Me dio la noticia un amigo mientras me encontraba empleado en desenredar las sutilezas de un texto griego de hace veinte siglos. De no ser porque la contrasté en aquellos mismos instantes con las informaciones que ya circulaban en la red, hubiera pensado que se burlaba de mí. Pero era verdad. Obama había recibido el Premio Nobel de la Paz.
Apenas diez minutos después, era yo el que le comunicaba el acontecimiento a otro amigo, antiguo miembro de las Fuerzas especiales de una potencia de primer orden. Tras lanzar una carcajada amarga, me espetó: «Y ¿por qué? Por ser negro. A saber lo que le hubieran dado si hubiera sido además mujer…». Un comentario similar, en lo referente a la raza, que no al sexo, escuché un par de horas después de una amiga extranjera.
Vaya por delante que si el Premio Nobel es un galardón discutido, la controversia aumenta especialmente en relación con el relacionado con la Paz. A él fueron propuestos en el pasado personajes como Hitler y lo han obtenido otros como el antiguo director de las clínicas soviéticas en que se torturaba a los disidentes del paraíso socialista o Al Gore, gracias a un documental que es lo más parecido al cuento de Caperucita –roja, por supuesto– que se haya estrenado en cine en los últimos años. No quiero ser injusto.
En el caso de Obama, con seguridad, ni nos encontramos ante alguien que vaya a desencadenar una nueva guerra mundial ni tampoco ante un perseguidor de disidentes o un difusor de películas falaces. Sin embargo, con el corazón en la mano, no puede decirse que haya hecho nada por merecer ese galardón e incluso sus iniciativas que tanto han entusiasmado al comité del Premio Nobel de la Paz están convirtiendo a ojos vista el mundo en un lugar mucho más inseguro para vivir. La falta de energía de Obama frente a la dictadura islámica de Irán está facilitando considerablemente que toda esa zona del mundo pueda verse convertida en un hervidero aun mayor de violencia y fanatismo que acabe desbordándose no sólo sobre Israel sino también sobre Europa.

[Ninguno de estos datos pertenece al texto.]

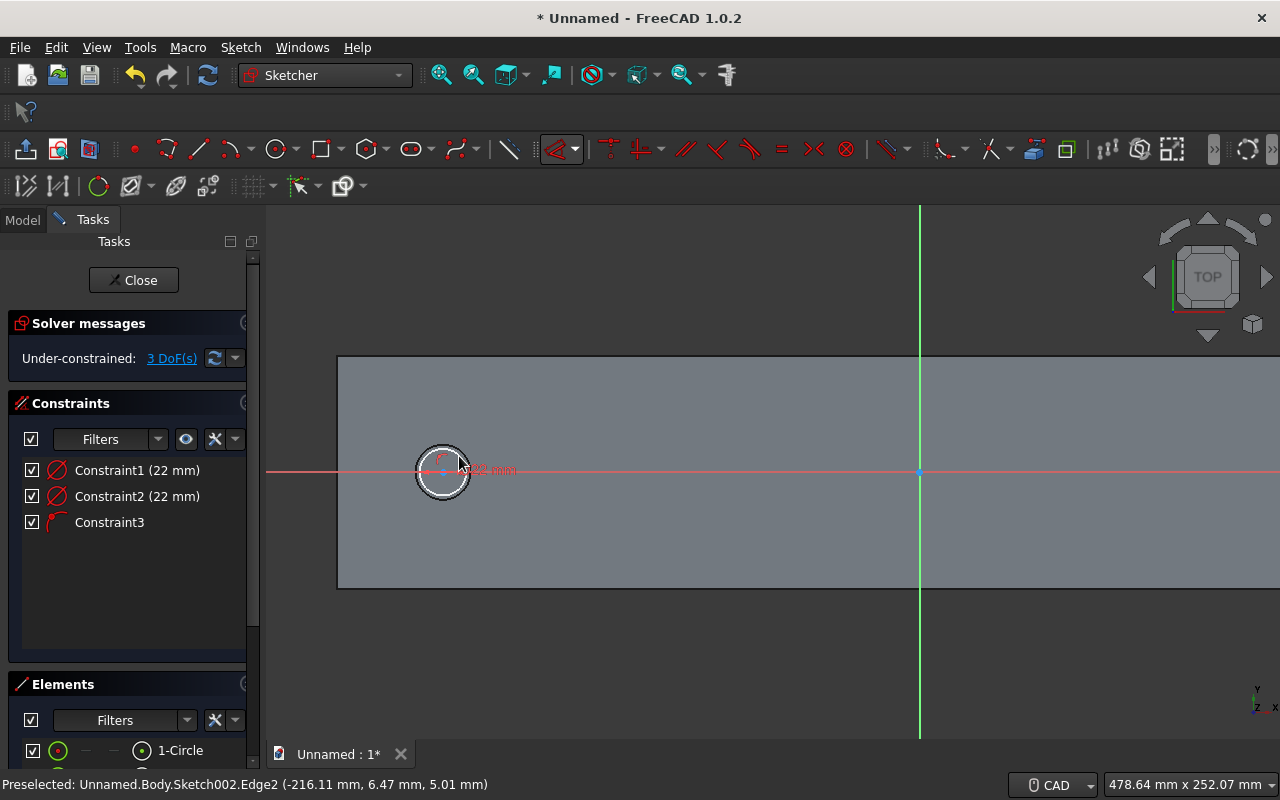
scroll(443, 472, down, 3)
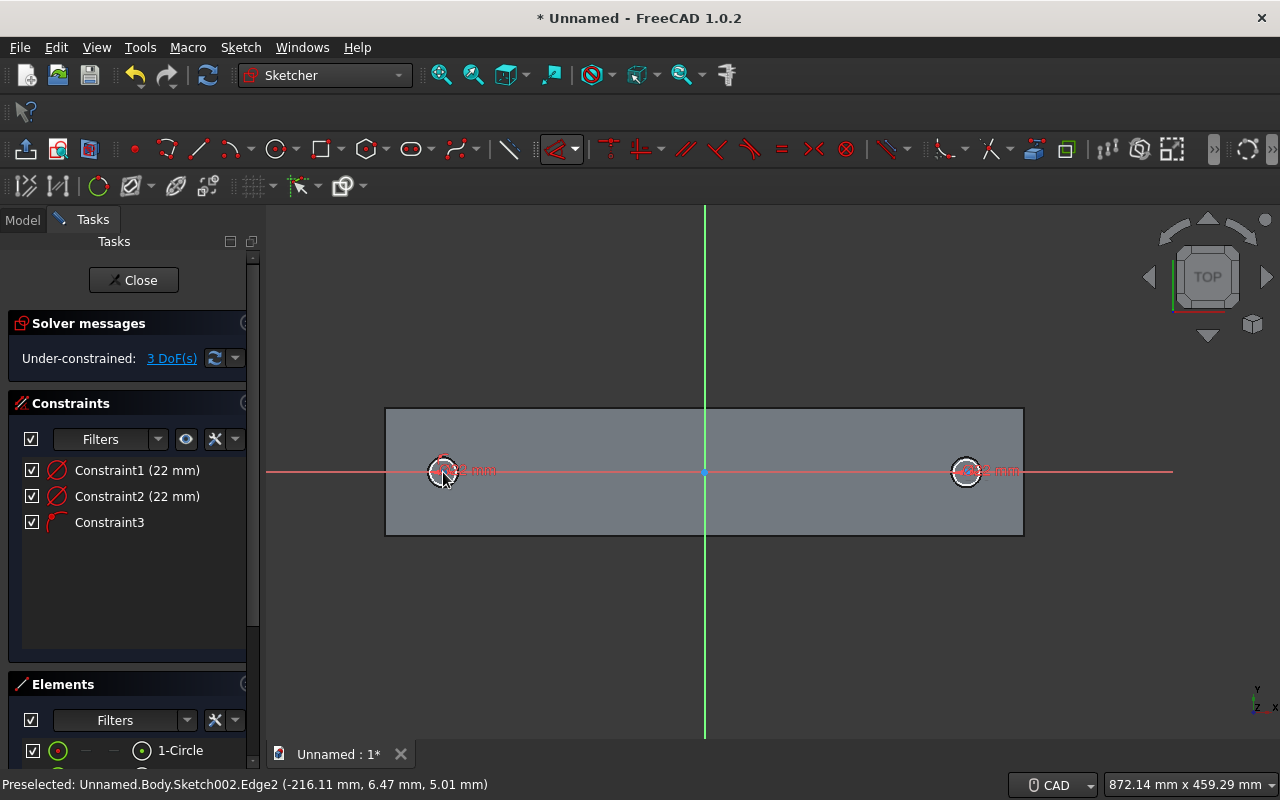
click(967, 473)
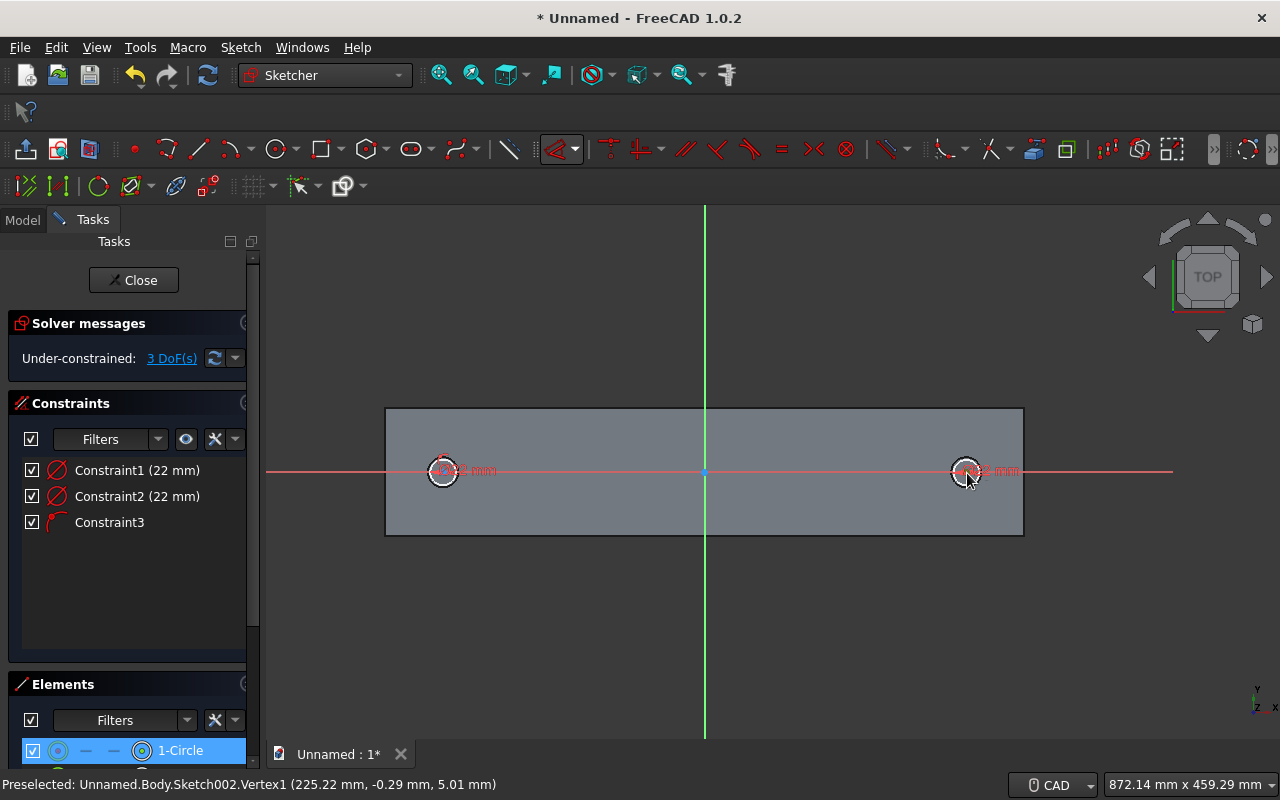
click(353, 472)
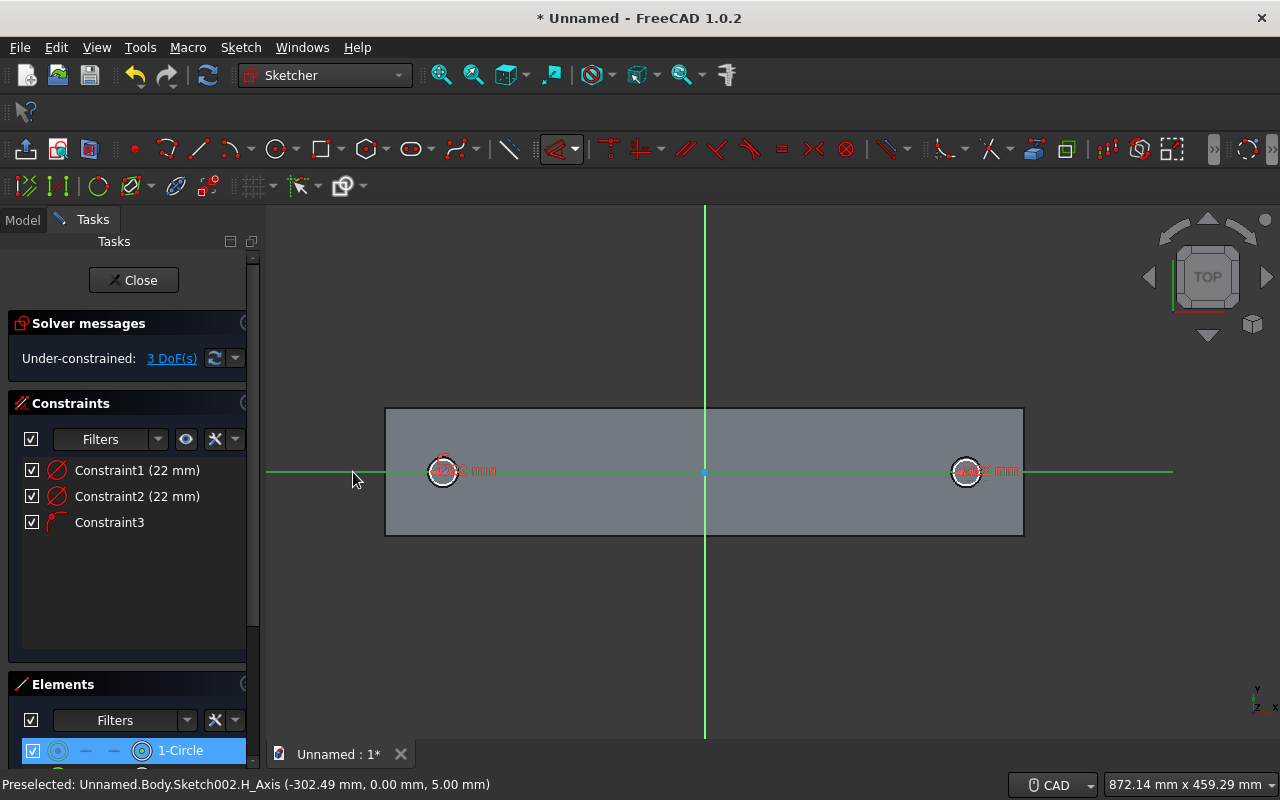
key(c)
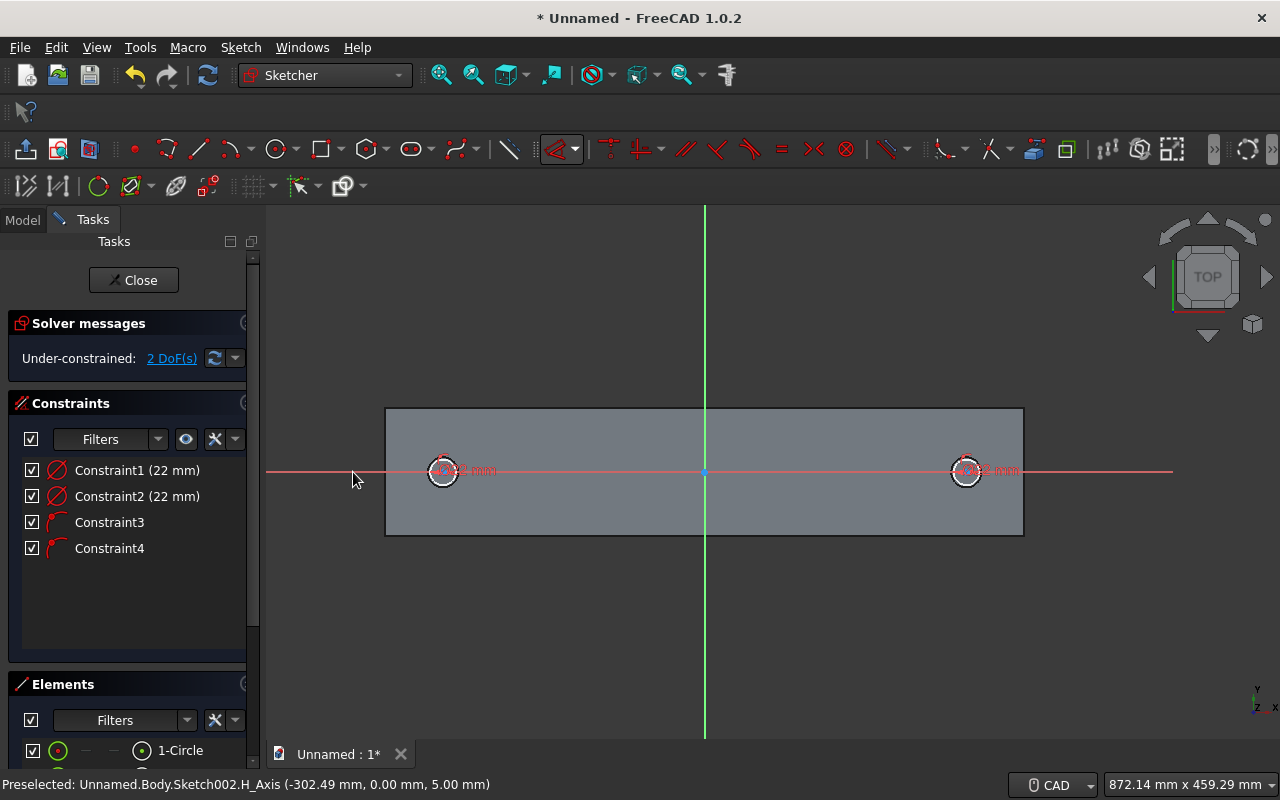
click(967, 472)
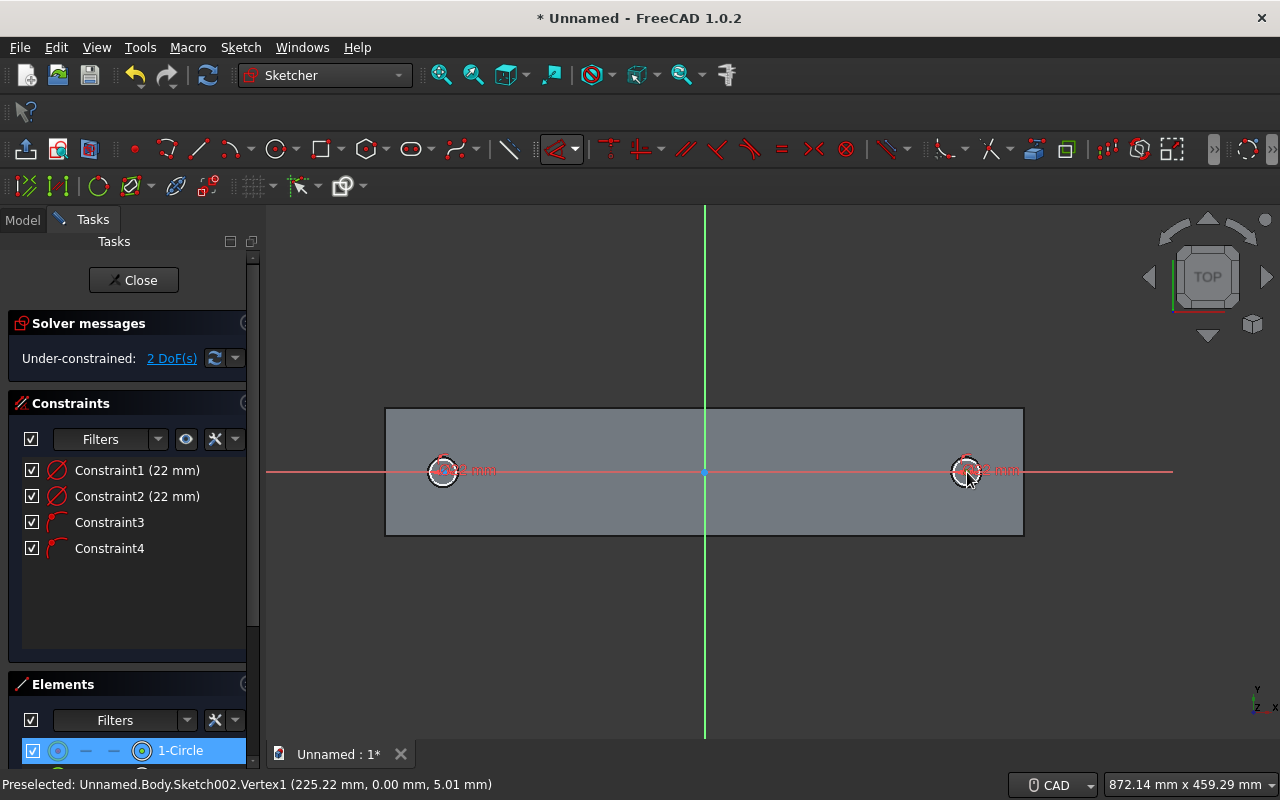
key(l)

Por añadidura, su actitud errática en relación con la guerra de Afganistán, su discurso de El Cairo, que las naciones islámicas han interpretado como signo de debilidad, o su retirada del escudo antimisiles de Europa oriental no merecen que se otorgue a Obama el premio Nobel de la Paz porque sólo son pasos para facilitar una catástrofe global. Guste o no reconocerlo, Occidente es un pequeño archipiélago de libertad rodeado de un océano de totalitarismos. Esos totalitarismos no pretenden una convivencia pacífica sino que ansían lanzarse sobre Occidente para someterlo y saquearlo. Si tal eventualidad no se produjo en el pasado con el nacional-socialismo alemán o el socialismo soviético se debió precisamente a la ayuda norteamericana a las democracias.
Ahora, a tan sólo unos meses de la llegada de Obama a la Casa Blanca, Europa occidental se encuentra mucho más expuesta a sus enemigos que nunca desde la caída del muro de Berlín. Quizá algunos consideren que ése es un motivo para otorgar el Premio Nobel de la Paz a Obama. La realidad es que con su conducta nos está desprotegiendo frente a un posible conflicto y, de esa forma, la única paz que podemos esperar razonablemente es la de los cementerios.